■ **The task**
Write each line of the material exactly as given, from the top through the line that contains "subtitle Artikel 18.", and omit all pictures.

:: Recorded data

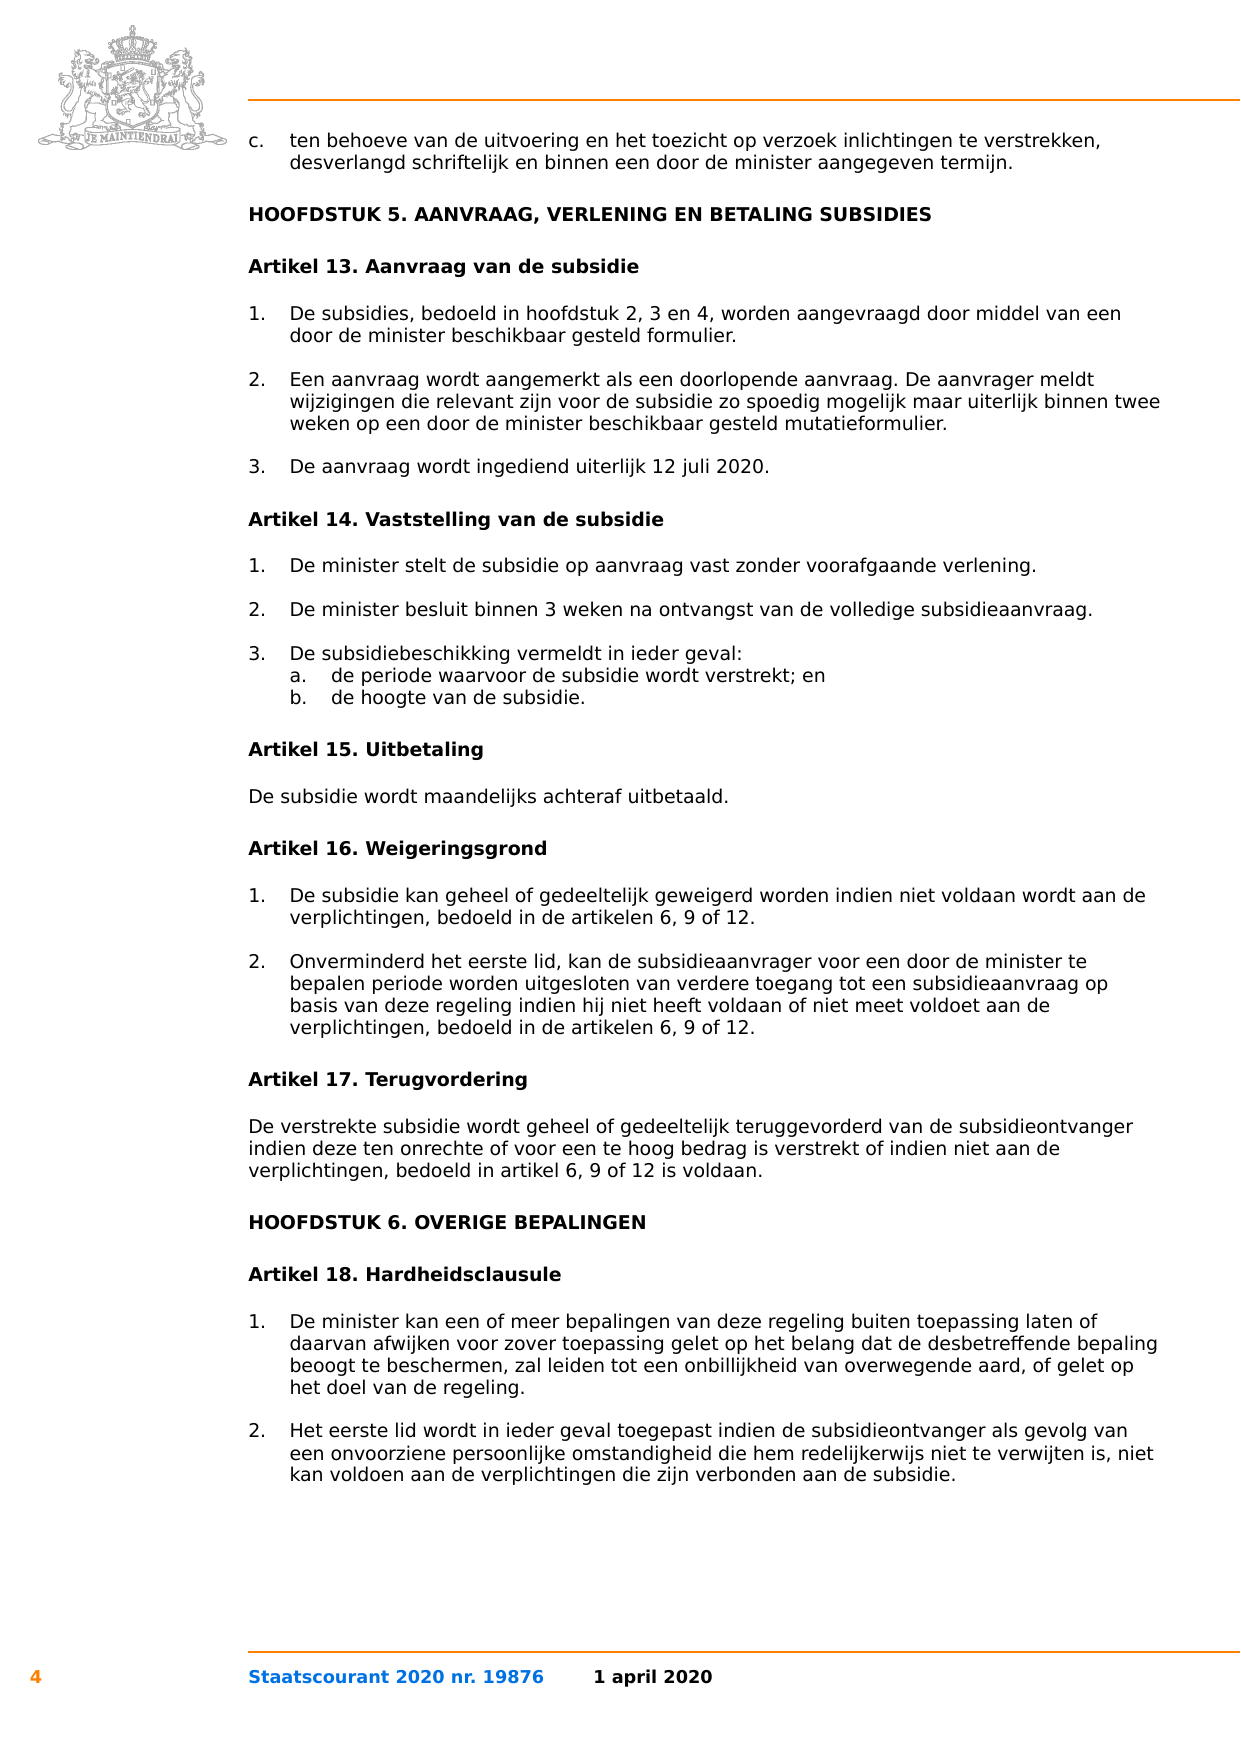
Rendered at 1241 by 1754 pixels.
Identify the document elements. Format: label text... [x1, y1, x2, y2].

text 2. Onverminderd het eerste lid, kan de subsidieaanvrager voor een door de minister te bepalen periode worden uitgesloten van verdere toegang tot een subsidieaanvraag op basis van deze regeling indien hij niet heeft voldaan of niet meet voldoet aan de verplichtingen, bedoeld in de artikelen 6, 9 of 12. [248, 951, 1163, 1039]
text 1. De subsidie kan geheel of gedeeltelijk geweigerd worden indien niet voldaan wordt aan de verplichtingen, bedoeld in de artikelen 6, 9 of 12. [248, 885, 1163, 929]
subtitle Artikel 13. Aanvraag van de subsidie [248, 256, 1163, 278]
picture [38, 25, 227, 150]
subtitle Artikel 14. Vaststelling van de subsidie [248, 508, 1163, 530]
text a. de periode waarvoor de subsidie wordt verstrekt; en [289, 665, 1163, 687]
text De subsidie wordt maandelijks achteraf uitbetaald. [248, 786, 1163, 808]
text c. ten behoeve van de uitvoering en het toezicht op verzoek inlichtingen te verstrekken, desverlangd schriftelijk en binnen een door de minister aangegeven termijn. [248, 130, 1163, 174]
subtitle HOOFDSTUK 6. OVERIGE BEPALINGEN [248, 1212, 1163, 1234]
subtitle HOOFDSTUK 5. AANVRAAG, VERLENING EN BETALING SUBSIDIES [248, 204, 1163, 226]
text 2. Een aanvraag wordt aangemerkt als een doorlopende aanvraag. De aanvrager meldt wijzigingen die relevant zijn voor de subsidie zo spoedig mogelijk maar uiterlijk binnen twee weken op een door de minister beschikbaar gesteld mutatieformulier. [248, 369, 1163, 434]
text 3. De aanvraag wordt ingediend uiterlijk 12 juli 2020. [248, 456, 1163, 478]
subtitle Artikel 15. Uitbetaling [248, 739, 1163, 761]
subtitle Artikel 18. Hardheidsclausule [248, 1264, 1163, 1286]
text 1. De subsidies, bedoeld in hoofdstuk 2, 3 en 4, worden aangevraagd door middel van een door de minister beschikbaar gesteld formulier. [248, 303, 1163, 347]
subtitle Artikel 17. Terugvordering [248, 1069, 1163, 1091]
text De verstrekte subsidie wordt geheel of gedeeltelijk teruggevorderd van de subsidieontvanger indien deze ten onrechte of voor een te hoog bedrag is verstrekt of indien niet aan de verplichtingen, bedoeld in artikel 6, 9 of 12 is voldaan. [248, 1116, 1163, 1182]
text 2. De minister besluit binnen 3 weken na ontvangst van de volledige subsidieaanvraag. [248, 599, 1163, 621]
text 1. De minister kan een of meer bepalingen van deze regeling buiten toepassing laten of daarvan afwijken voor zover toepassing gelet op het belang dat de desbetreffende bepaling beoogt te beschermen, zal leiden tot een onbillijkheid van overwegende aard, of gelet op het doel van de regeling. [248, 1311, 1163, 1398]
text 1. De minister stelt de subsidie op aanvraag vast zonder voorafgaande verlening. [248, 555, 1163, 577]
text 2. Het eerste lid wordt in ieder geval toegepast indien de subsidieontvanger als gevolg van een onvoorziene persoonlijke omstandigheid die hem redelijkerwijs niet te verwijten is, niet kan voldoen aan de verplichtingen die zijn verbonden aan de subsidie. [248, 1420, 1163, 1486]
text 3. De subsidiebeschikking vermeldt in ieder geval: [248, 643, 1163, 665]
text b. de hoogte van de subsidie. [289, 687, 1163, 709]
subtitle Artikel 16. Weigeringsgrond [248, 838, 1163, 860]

::::

■ **Problem solution**
Rendered at 1241 by 1754 pixels.
Identify the document elements. Format: label text... [x1, y1, x2, y2].

text 2. Onverminderd het eerste lid, kan de subsidieaanvrager voor een door de minister te bepalen periode worden uitgesloten van verdere toegang tot een subsidieaanvraag op basis van deze regeling indien hij niet heeft voldaan of niet meet voldoet aan de verplichtingen, bedoeld in de artikelen 6, 9 of 12. [248, 951, 1163, 1039]
text 1. De subsidie kan geheel of gedeeltelijk geweigerd worden indien niet voldaan wordt aan de verplichtingen, bedoeld in de artikelen 6, 9 of 12. [248, 885, 1163, 929]
subtitle Artikel 13. Aanvraag van de subsidie [248, 256, 1163, 278]
picture [38, 25, 227, 150]
subtitle Artikel 14. Vaststelling van de subsidie [248, 508, 1163, 530]
text a. de periode waarvoor de subsidie wordt verstrekt; en [289, 665, 1163, 687]
text De subsidie wordt maandelijks achteraf uitbetaald. [248, 786, 1163, 808]
text c. ten behoeve van de uitvoering en het toezicht op verzoek inlichtingen te verstrekken, desverlangd schriftelijk en binnen een door de minister aangegeven termijn. [248, 130, 1163, 174]
subtitle HOOFDSTUK 6. OVERIGE BEPALINGEN [248, 1212, 1163, 1234]
subtitle HOOFDSTUK 5. AANVRAAG, VERLENING EN BETALING SUBSIDIES [248, 204, 1163, 226]
text 2. Een aanvraag wordt aangemerkt als een doorlopende aanvraag. De aanvrager meldt wijzigingen die relevant zijn voor de subsidie zo spoedig mogelijk maar uiterlijk binnen twee weken op een door de minister beschikbaar gesteld mutatieformulier. [248, 369, 1163, 434]
text 3. De aanvraag wordt ingediend uiterlijk 12 juli 2020. [248, 456, 1163, 478]
subtitle Artikel 15. Uitbetaling [248, 739, 1163, 761]
subtitle Artikel 18. Hardheidsclausule [248, 1264, 1163, 1286]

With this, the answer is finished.